XtractOpen / Meganet.jl

A fresh approach to deep learning written in Julia
http://www.xtract.ai/
Other
14 stars 9 forks source link

Change the way activation is handled? #58

Open lruthotto opened 6 years ago

lruthotto commented 6 years ago

What do you guys think about the changes I made in singleLayer here: https://github.com/XtractOpen/Meganet.jl/commit/4869548dfc61dac4b7f310e63bba391d7be02316

I'm using map! to apply the pointwise nonlinearity in place. The user will have to provide a function for the activation and derivative. We could get rid of tanhActivation.jl, reluActivation.jl, and identityActivation.jl.

If you think this is a good way to go, I'll make it consistent and update the examples. Maybe someone can help me and benchmark the change!?

eldadHaber commented 6 years ago

Not sure what is the advantage of getting rid of the activation functions?

On Feb 17, 2018, at 5:53 PM, Lars Ruthotto notifications@github.com wrote:

What do you guys think about the changes I made in singleLayer here: 4869548

I'm using map! to apply the pointwise nonlinearity in place. The user will have to provide a function for the activation and derivative. We could get rid of tanhActivation.jl, reluActivation.jl, and identityActivation.jl.

If you think this is a good way to go, I'll make it consistent and update the examples. Maybe someone can help me and benchmark the change!?

— You are receiving this because you were assigned. Reply to this email directly, view it on GitHub, or mute the thread.

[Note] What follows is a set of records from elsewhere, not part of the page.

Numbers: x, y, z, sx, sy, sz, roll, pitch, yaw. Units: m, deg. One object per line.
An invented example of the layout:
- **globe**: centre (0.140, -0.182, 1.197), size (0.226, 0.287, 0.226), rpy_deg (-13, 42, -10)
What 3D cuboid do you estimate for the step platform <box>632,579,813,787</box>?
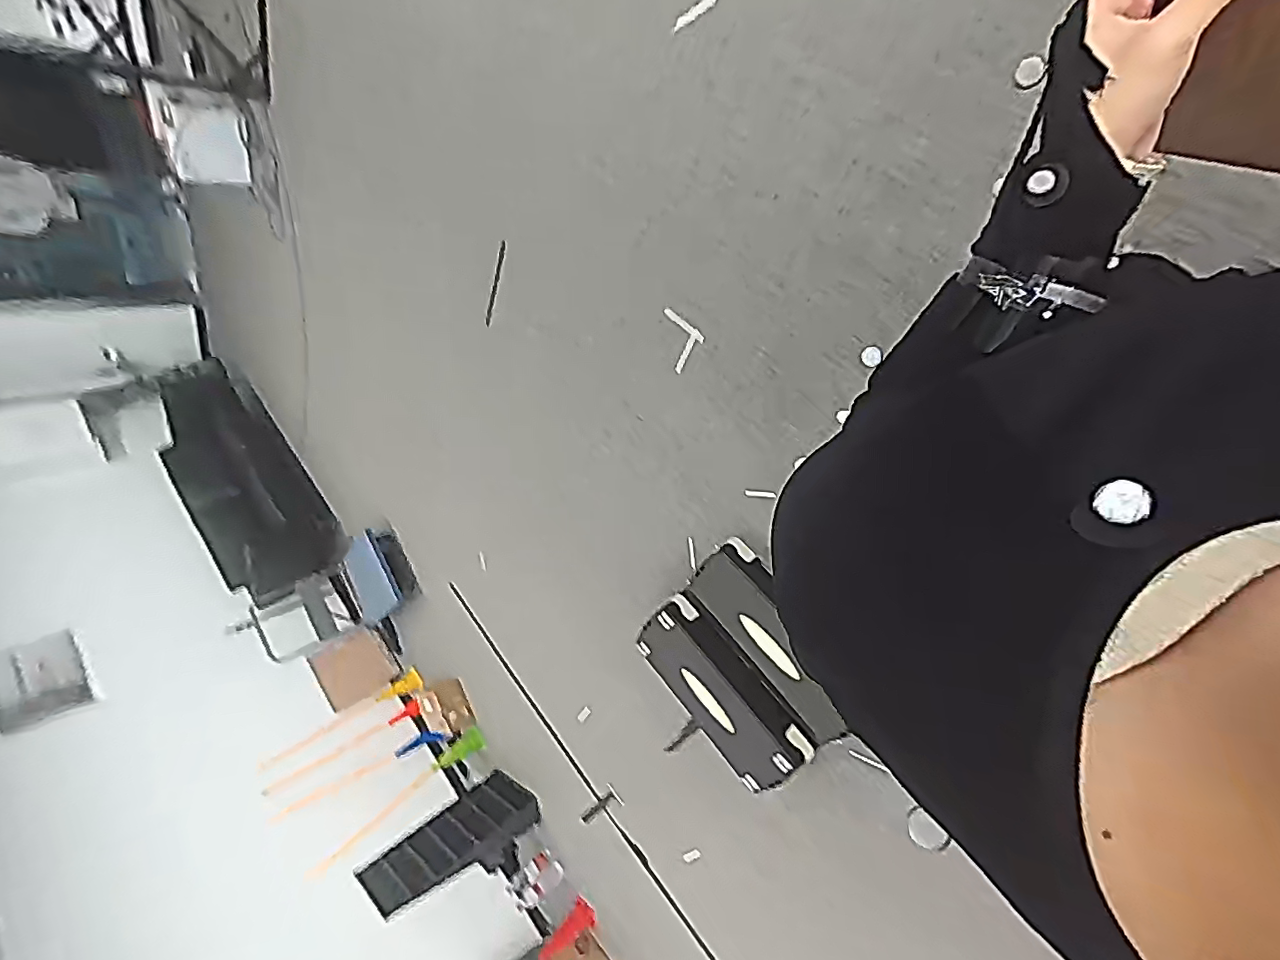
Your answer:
- **step platform**: centre (0.266, 0.698, 1.879), size (0.684, 0.204, 0.286), rpy_deg (53, 134, 17)

erantreister commented 6 years ago

Hi Lars, Have you seen this code that I posted in another conversation?

function reluActivation!(A::Array{T},dA::Array{T},doDerivative::Bool=false) where {T}
A .= max.(A,zero(T));
if doDerivative
    dA .= sign.(A);
else
    dA = zeros(T,0)
end
return A,dA
end

The .= operator does stuff in place (no allocation). This can replace the map! which is not so intuitive (but probably does the same). We can change the code to use only activation!() and remove the other ones functions.

Getting rid of the files is a different issue than in-place computation. Currently, the user can place his own activation through the driver. We just save the need to program it every time (like regularizers in jInv). I don't see why we need to remove it, but placing them all in activations.jl somewhere may be an idea in this direction.

Back to performance... if every time we compute the activation, we also compute the derivative, then we may save some time by computing both in a single read of the array from the memory. Can map!() do that?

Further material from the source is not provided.